··· Data extract ···

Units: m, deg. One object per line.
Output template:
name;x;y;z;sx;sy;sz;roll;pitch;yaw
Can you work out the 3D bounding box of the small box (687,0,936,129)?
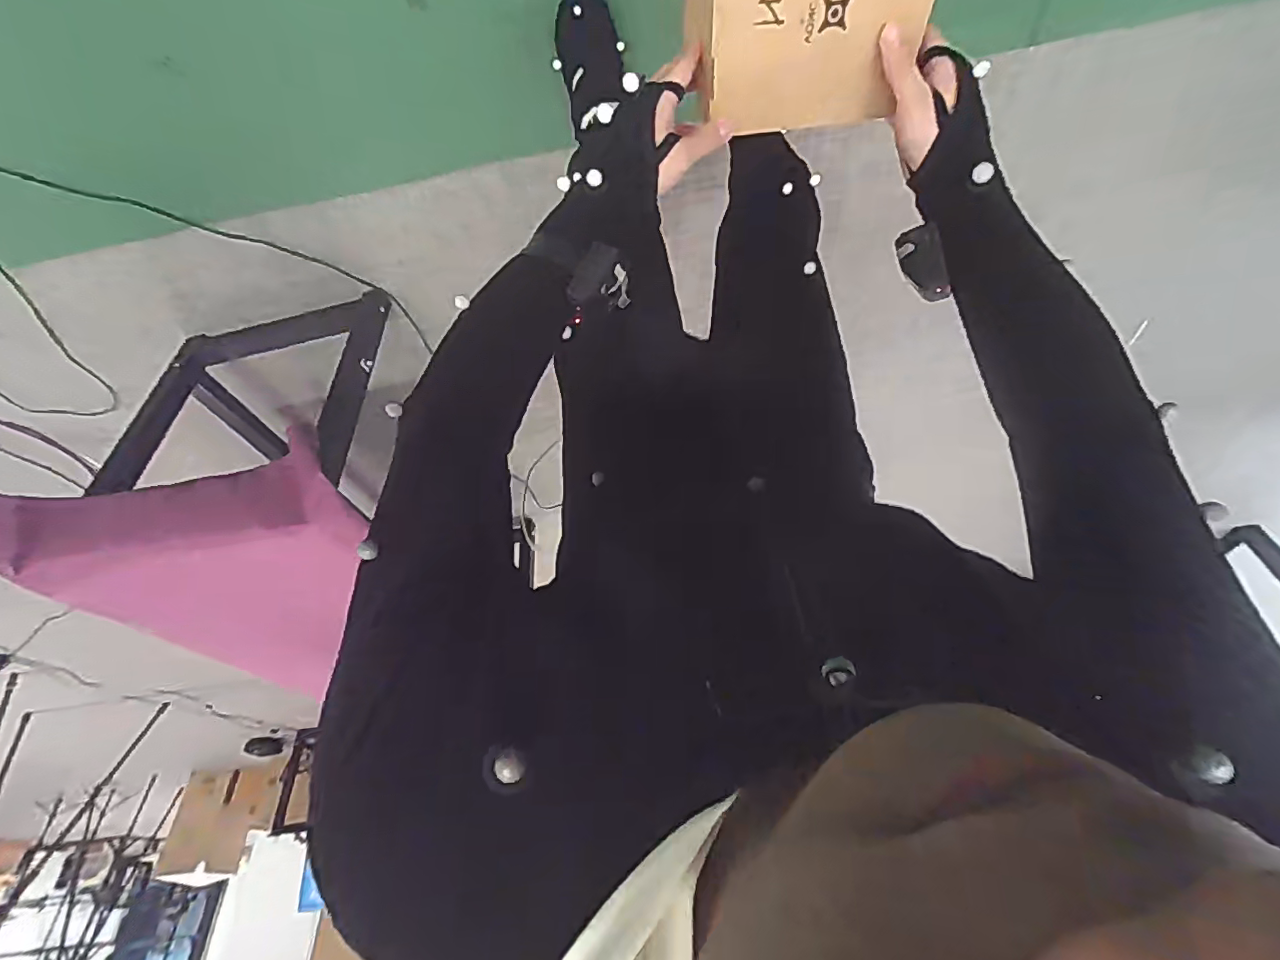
small box;0.141;-0.438;0.466;0.179;0.176;0.168;-6;146;0

···

All of the entries above are to be transcribed word for word, with no pictures included.

Units: m, deg. One object per line.
Output template:
name;x;y;z;sx;sy;sz;roll;pitch;yaw
Can you work out the 3D bounding box of the small box (687,0,936,129)?
small box;0.141;-0.438;0.466;0.179;0.176;0.168;-6;146;0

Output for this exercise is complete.